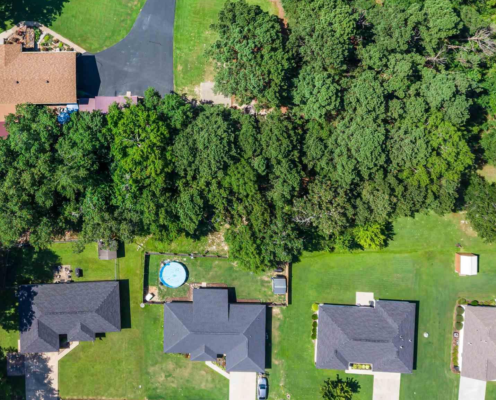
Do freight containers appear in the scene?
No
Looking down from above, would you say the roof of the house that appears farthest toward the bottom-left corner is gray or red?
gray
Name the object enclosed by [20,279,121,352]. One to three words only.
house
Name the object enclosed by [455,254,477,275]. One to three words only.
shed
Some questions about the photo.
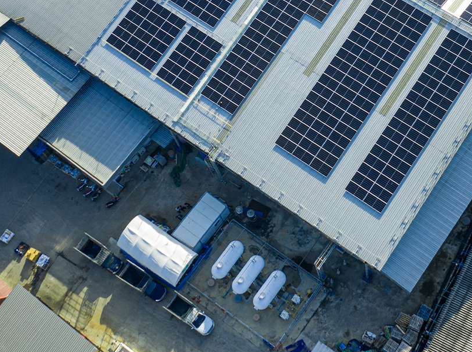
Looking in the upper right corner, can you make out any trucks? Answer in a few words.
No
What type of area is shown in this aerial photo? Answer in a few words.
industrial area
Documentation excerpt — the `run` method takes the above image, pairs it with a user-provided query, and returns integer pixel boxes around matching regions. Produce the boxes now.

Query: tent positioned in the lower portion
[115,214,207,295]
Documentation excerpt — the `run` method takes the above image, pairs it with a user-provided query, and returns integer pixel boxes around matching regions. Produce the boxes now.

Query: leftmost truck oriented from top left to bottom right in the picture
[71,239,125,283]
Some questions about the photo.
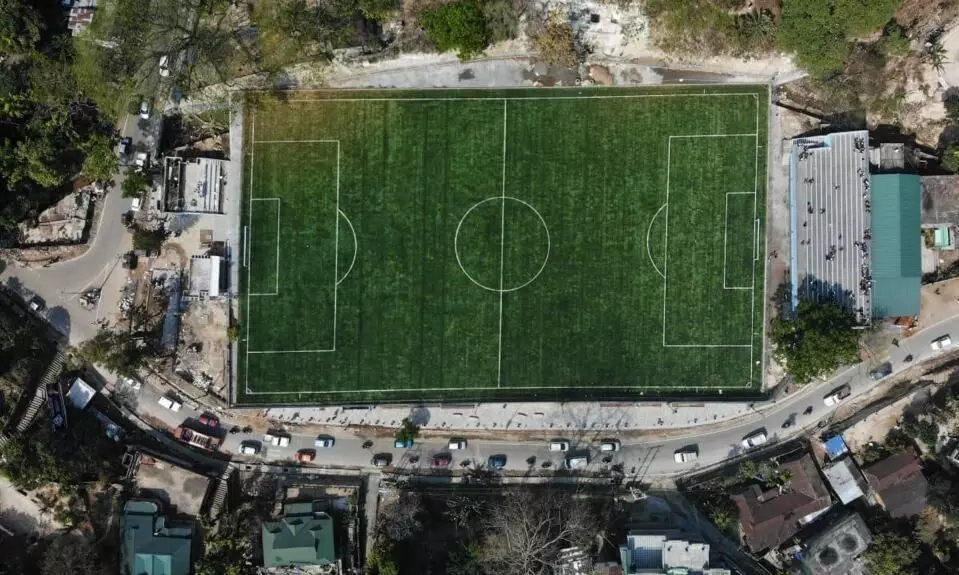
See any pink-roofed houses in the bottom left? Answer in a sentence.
...
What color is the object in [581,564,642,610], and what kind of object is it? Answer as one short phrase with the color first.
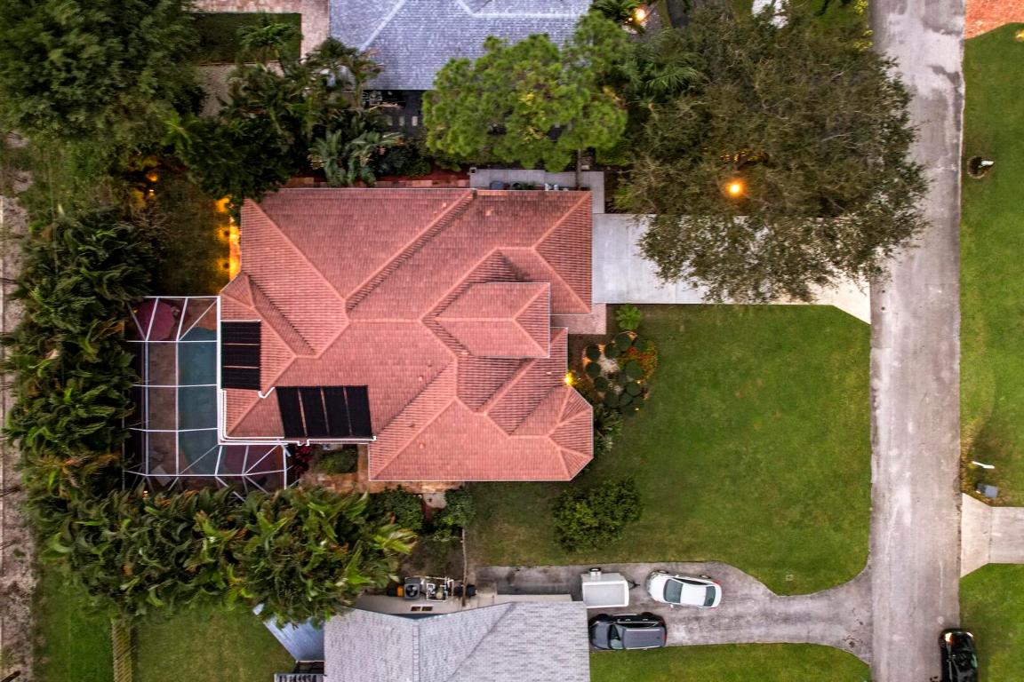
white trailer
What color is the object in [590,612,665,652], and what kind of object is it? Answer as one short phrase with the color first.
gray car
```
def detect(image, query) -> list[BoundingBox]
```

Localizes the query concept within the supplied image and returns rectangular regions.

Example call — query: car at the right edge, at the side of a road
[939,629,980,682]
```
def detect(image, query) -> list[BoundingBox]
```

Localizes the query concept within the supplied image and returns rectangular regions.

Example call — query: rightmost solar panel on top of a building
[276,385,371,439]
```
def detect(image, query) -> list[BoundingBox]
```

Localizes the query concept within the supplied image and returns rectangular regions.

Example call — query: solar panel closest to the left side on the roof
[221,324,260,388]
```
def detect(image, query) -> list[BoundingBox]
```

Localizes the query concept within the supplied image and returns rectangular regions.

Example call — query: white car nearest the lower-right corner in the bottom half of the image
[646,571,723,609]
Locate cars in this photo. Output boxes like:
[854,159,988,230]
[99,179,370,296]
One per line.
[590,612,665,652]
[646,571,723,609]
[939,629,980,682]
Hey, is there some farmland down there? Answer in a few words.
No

** Exercise requirements **
Everything between and including the line above containing "Do freight containers appear in the scene?" and the line containing "See any pink-roofed" should be reproduced exactly, with pictures excluded.

** Response area **
Do freight containers appear in the scene?
No
Looking down from above, would you say the roof of the house that appears farthest toward the bottom-left corner is gray or red?
gray
Name the object enclosed by [20,279,121,352]. One to three words only.
house
Name the object enclosed by [455,254,477,275]. One to three words only.
shed
Some questions about the photo.
Looking in the upper right corner, can you make out any trucks? Answer in a few words.
No
What type of area is shown in this aerial photo? Answer in a few words.
industrial area
Documentation excerpt — the `run` method takes the above image, pairs it with a user-provided query, and returns integer pixel boxes around matching regions. Produce the boxes now.

Query: tent positioned in the lower portion
[115,214,207,295]
Documentation excerpt — the `run` method takes the above image, pairs it with a user-provided query, and returns integer pixel boxes around matching regions. Produce the boxes now.

Query: leftmost truck oriented from top left to bottom right in the picture
[71,239,125,283]
Some questions about the photo.
See any pink-roofed houses in the bottom left? Answer in a sentence.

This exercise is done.